The invention belongs to the technical field of artificial intelligence, and particularly relates to an intelligent voice question-answering method and system based on deep learning and emotion recognition.

Background

With the advent of the internet age, data has grown exponentially, and people have begun to use search engines to find their own desired information. The search engine is one of the forms of the intelligent question-answering system, and provides answers corresponding to questions for users in a list form. With the higher requirements of people on the efficiency and quality of information retrieval, the research on the intelligent voice question-answering system also starts to be further developed.

The existing intelligent voice question-answering system usually needs two steps, namely voice recognition is firstly carried out, and then answers to questions are carried out according to recognized voice. Speech recognition techniques are generally divided into three steps: feature extraction, deep neural network training and decoding. The question-answering system is mainly divided into three categories: the system comprises an extraction type intelligent question-answering system, a generation type intelligent question-answering system and an intelligent question-answering system based on question-answer pairs.

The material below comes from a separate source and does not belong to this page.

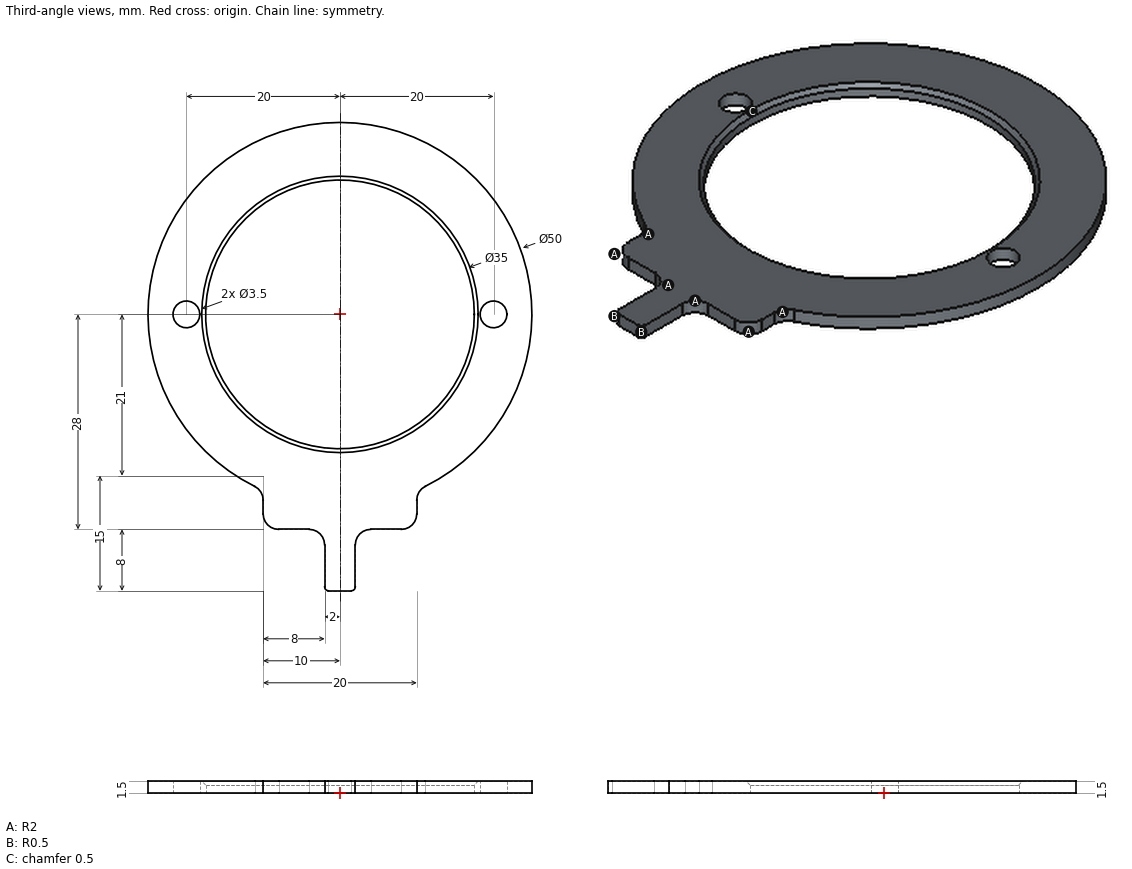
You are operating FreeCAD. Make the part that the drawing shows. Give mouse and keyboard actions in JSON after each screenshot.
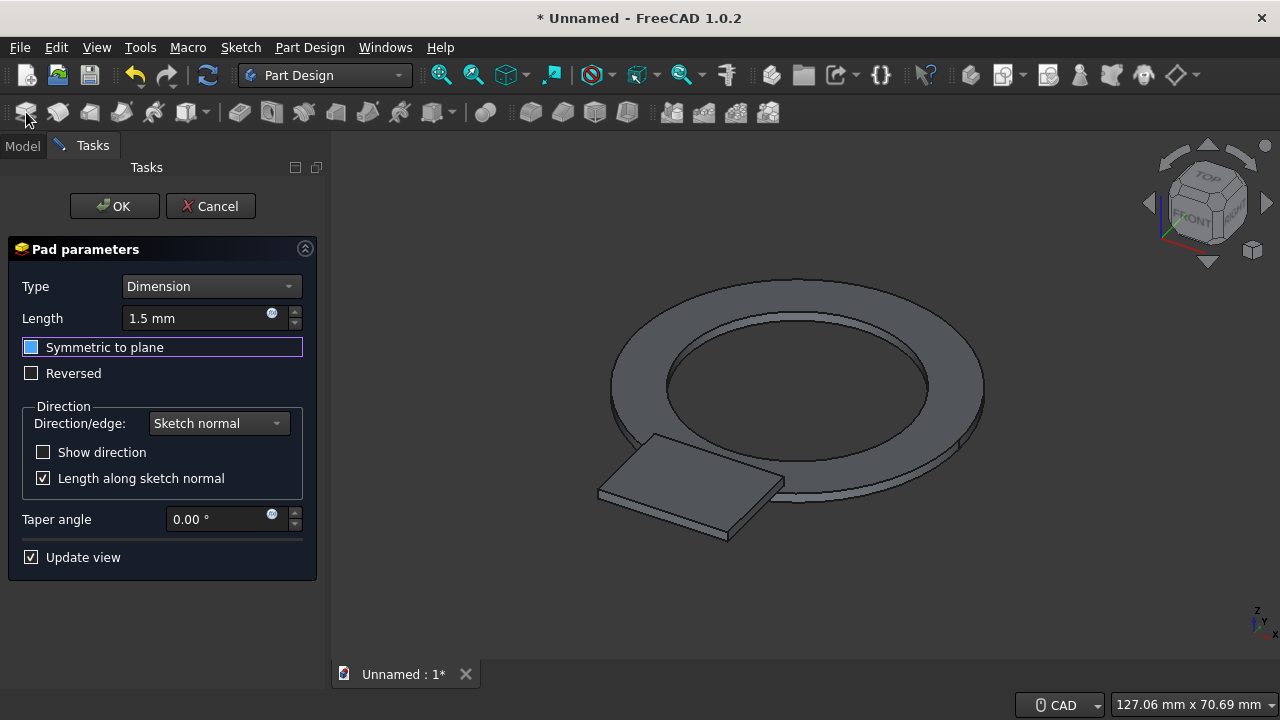
{"action": "left_click", "coordinate": [30, 373]}

All of them need to convert the sentences into computer-recognizable structured data by natural language processing technology, analyze the problems, capture the keywords, and finally match with the answer library.

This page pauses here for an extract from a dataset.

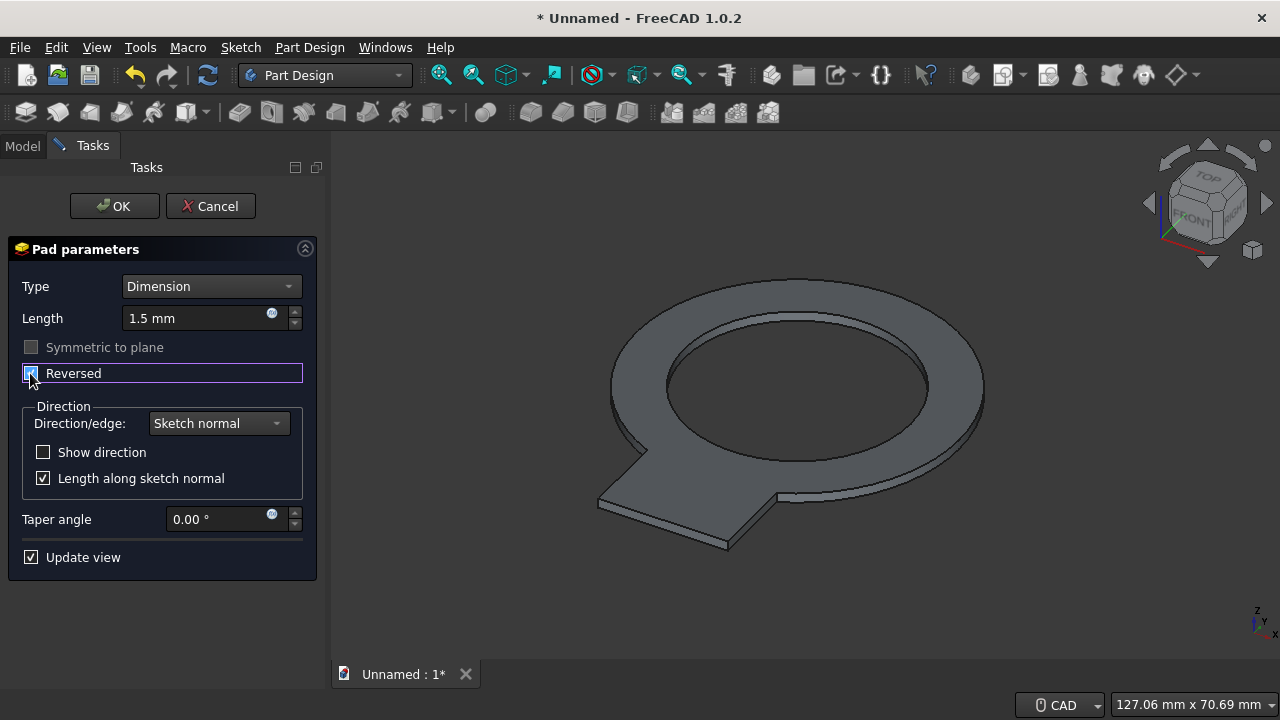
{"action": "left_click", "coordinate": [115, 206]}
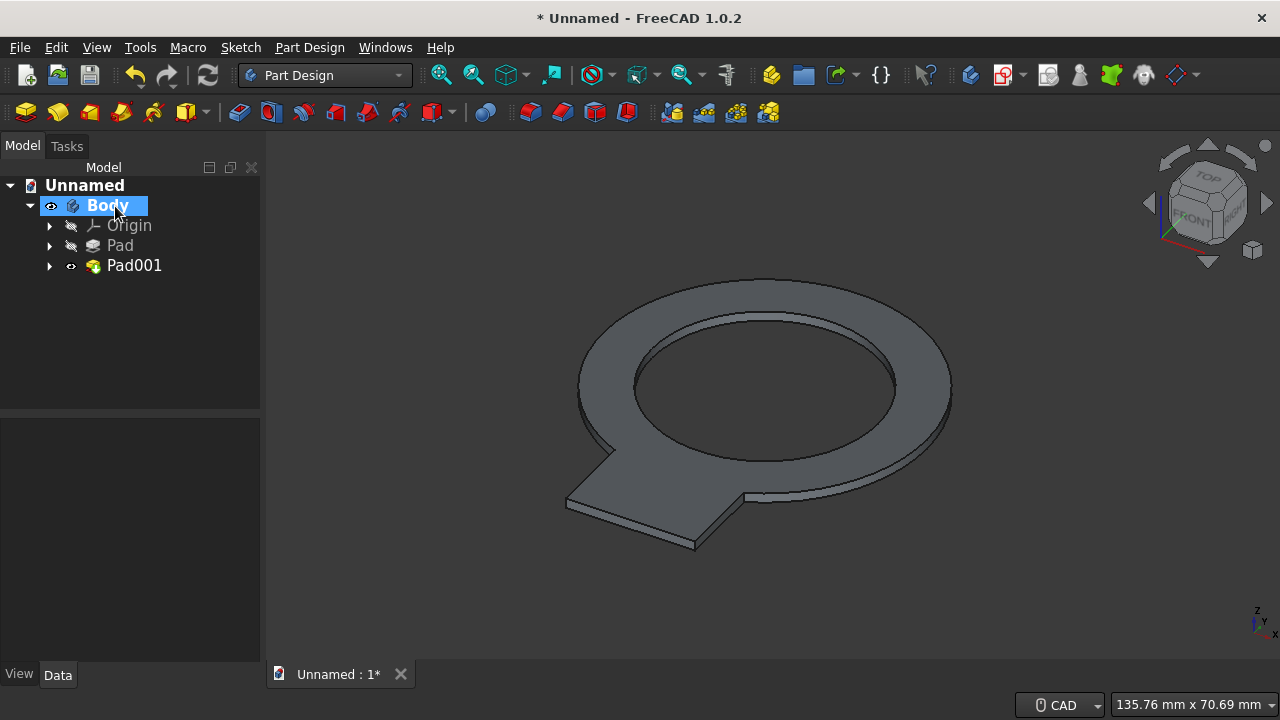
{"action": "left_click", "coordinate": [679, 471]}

However, the above intelligent question-answering system still has certain defects: firstly, the natural language processing technology is adopted, and due to the ambiguity and complexity of natural language, a deep learning algorithm is not applied abundantly, so that the accuracy of a question-answering system is low; second, when capturing chinese sentence information, there is still a situation of data redundancy and single dimension, so systematic matching bias is easily caused.

Disclosure of Invention

Aiming at the defects or the improvement requirements of the prior art, the invention provides an intelligent voice question-answering system based on deep learning and emotion recognition, aiming at solving the technical problems that the accuracy of the question-answering system is low due to the fact that the deep learning algorithm is not applied abundantly because of the ambiguity and the complexity of natural language in the conventional intelligent question-answering system, and the system matching deviation is easily caused due to the fact that data redundancy and single dimension still exist when Chinese sentence information is captured.

In order to achieve the above object, according to an aspect of the present invention, there is provided an intelligent voice question-answering method based on deep learning and emotion recognition, comprising the steps of:

(1) and acquiring the voice from the user, and processing the voice to extract the corresponding text information.

(2) And extracting characteristic parameters of the voice of the user, and carrying out emotion analysis on the voice according to the extracted characteristic parameters to form an emotion label.

(3) And (3) inputting the text information generated in the step (1) into a trained semantic representation and matching model, matching the emotion label obtained in the step (2) with a question-answer library to obtain answers of the question and outputting the answers.

Preferably, step (1) comprises in particular the following sub-steps:

(1-1) acquiring a voice from a user and digitally encoding the voice to convert it into an audio map;

(1-2) using a Hamming window to perform framing and windowing processing on the audio image obtained in the step (1-1) in sequence, and performing Fourier transform on an obtained processing result to obtain a spectrogram;

and (1-3) inputting the spectrogram obtained in the step (1-2) into a trained Convolutional Neural Network (CNN) to obtain corresponding text information.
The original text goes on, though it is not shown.